### Problem statement:
Filter these entries down to the lines that hold the word "array", and show each of them.
═════ Records provided
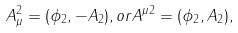<formula> <loc_0><loc_0><loc_500><loc_500>A _ { \mu } ^ { 2 } = ( \phi _ { 2 } , - A _ { 2 } ) , o r A ^ { \mu 2 } = ( \phi _ { 2 } , A _ { 2 } ) ,</formula> 
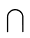Convert formula to latex. <formula><loc_0><loc_0><loc_500><loc_500>\bigcap</formula> 
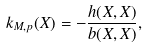<formula> <loc_0><loc_0><loc_500><loc_500>k _ { M , p } ( X ) = - \frac { h ( X , X ) } { b ( X , X ) } ,</formula> 
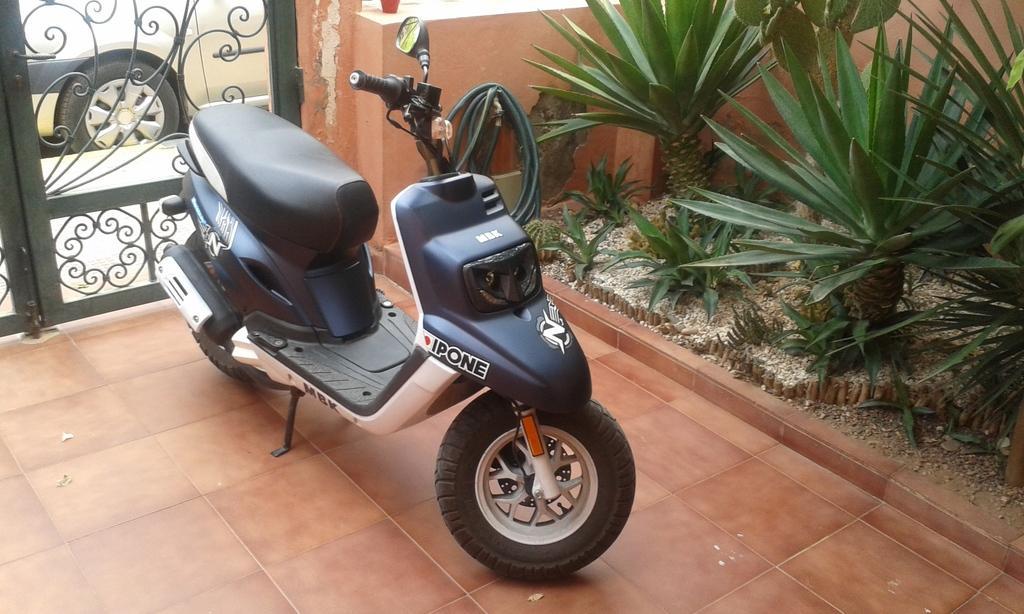How would you summarize this image in a sentence or two? In this picture I can observe a bike parked on the floor. On the right side I can observe some plants. On the left side there is a gate. Behind the gate I can observe a car. 
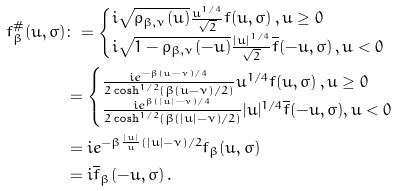Convert formula to latex. <formula><loc_0><loc_0><loc_500><loc_500>f _ { \beta } ^ { \# } ( u , \sigma ) & \colon = \begin{cases} i \sqrt { \rho _ { \beta , \nu } ( u ) } \frac { u ^ { 1 / 4 } } { \sqrt { 2 } } f ( u , \sigma ) \, , u \geq 0 \\ i \sqrt { 1 - \rho _ { \beta , \nu } ( - u ) } \frac { | u | ^ { 1 / 4 } } { \sqrt { 2 } } \overline { f } ( - u , \sigma ) \, , u < 0 \end{cases} \\ & = \begin{cases} \frac { i e ^ { - \beta ( u - \nu ) / 4 } } { 2 \cosh ^ { 1 / 2 } ( \beta ( u - \nu ) / 2 ) } u ^ { 1 / 4 } f ( u , \sigma ) \, , u \geq 0 \\ \frac { i e ^ { \beta ( | u | - \nu ) / 4 } } { 2 \cosh ^ { 1 / 2 } ( \beta ( | u | - \nu ) / 2 ) } | u | ^ { 1 / 4 } \overline { f } ( - u , \sigma ) , u < 0 \end{cases} \\ & = i e ^ { - \beta \frac { | u | } { u } ( | u | - \nu ) / 2 } f _ { \beta } ( u , \sigma ) \\ & = i \overline { f } _ { \beta } ( - u , \sigma ) \, .</formula> 
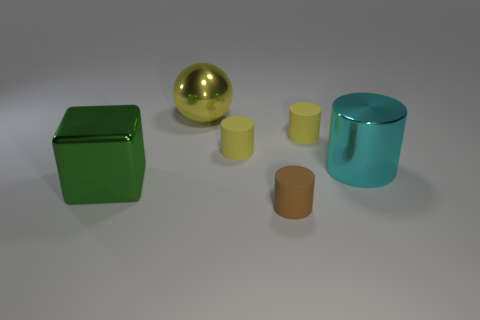Subtract all brown cylinders. How many cylinders are left? 3 Subtract all gray balls. How many yellow cylinders are left? 2 Add 3 small yellow cylinders. How many objects exist? 9 Subtract 2 cylinders. How many cylinders are left? 2 Subtract all cylinders. How many objects are left? 2 Subtract all yellow cylinders. How many cylinders are left? 2 Add 2 tiny brown cylinders. How many tiny brown cylinders exist? 3 Subtract 0 green balls. How many objects are left? 6 Subtract all brown blocks. Subtract all blue cylinders. How many blocks are left? 1 Subtract all cyan metal cylinders. Subtract all big things. How many objects are left? 2 
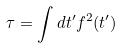Convert formula to latex. <formula><loc_0><loc_0><loc_500><loc_500>\tau = \int d t ^ { \prime } f ^ { 2 } ( t ^ { \prime } )</formula> 
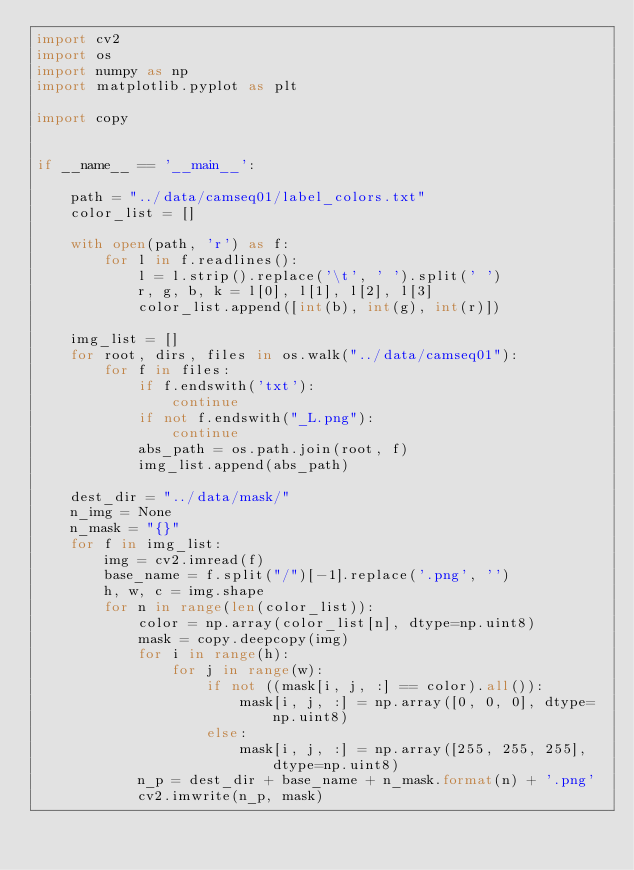<code> <loc_0><loc_0><loc_500><loc_500><_Python_>import cv2
import os
import numpy as np
import matplotlib.pyplot as plt

import copy


if __name__ == '__main__':

    path = "../data/camseq01/label_colors.txt"
    color_list = []

    with open(path, 'r') as f:
        for l in f.readlines():
            l = l.strip().replace('\t', ' ').split(' ')
            r, g, b, k = l[0], l[1], l[2], l[3]
            color_list.append([int(b), int(g), int(r)])

    img_list = []
    for root, dirs, files in os.walk("../data/camseq01"):
        for f in files:
            if f.endswith('txt'):
                continue
            if not f.endswith("_L.png"):
                continue
            abs_path = os.path.join(root, f)
            img_list.append(abs_path)

    dest_dir = "../data/mask/"
    n_img = None
    n_mask = "{}"
    for f in img_list:
        img = cv2.imread(f)
        base_name = f.split("/")[-1].replace('.png', '')
        h, w, c = img.shape
        for n in range(len(color_list)):
            color = np.array(color_list[n], dtype=np.uint8)
            mask = copy.deepcopy(img)
            for i in range(h):
                for j in range(w):
                    if not ((mask[i, j, :] == color).all()):
                        mask[i, j, :] = np.array([0, 0, 0], dtype=np.uint8)
                    else:
                        mask[i, j, :] = np.array([255, 255, 255], dtype=np.uint8)
            n_p = dest_dir + base_name + n_mask.format(n) + '.png'
            cv2.imwrite(n_p, mask)




</code> 
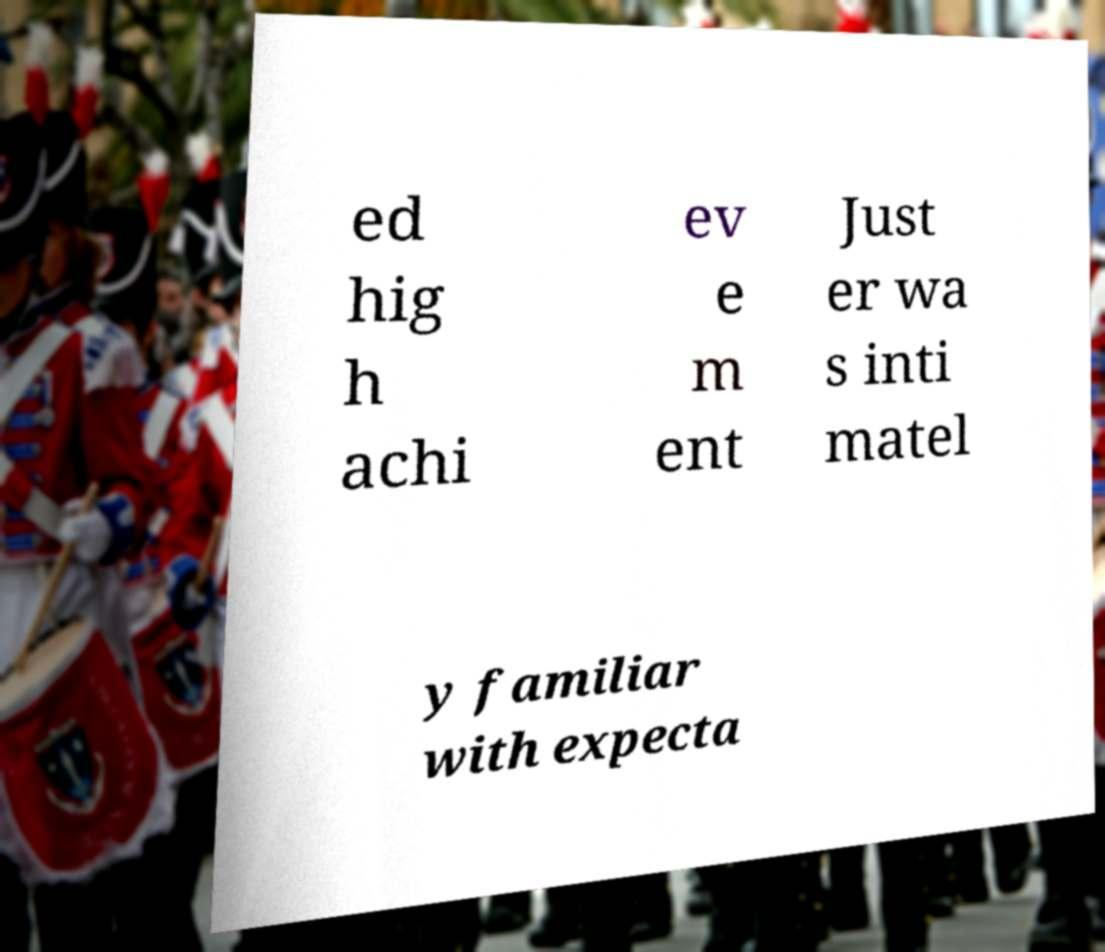For documentation purposes, I need the text within this image transcribed. Could you provide that? ed hig h achi ev e m ent Just er wa s inti matel y familiar with expecta
══════════
### Task answer:
            color = np.array(color_list[n], dtype=np.uint8)
                        mask[i, j, :] = np.array([0, 0, 0], dtype=np.uint8)
                        mask[i, j, :] = np.array([255, 255, 255], dtype=np.uint8)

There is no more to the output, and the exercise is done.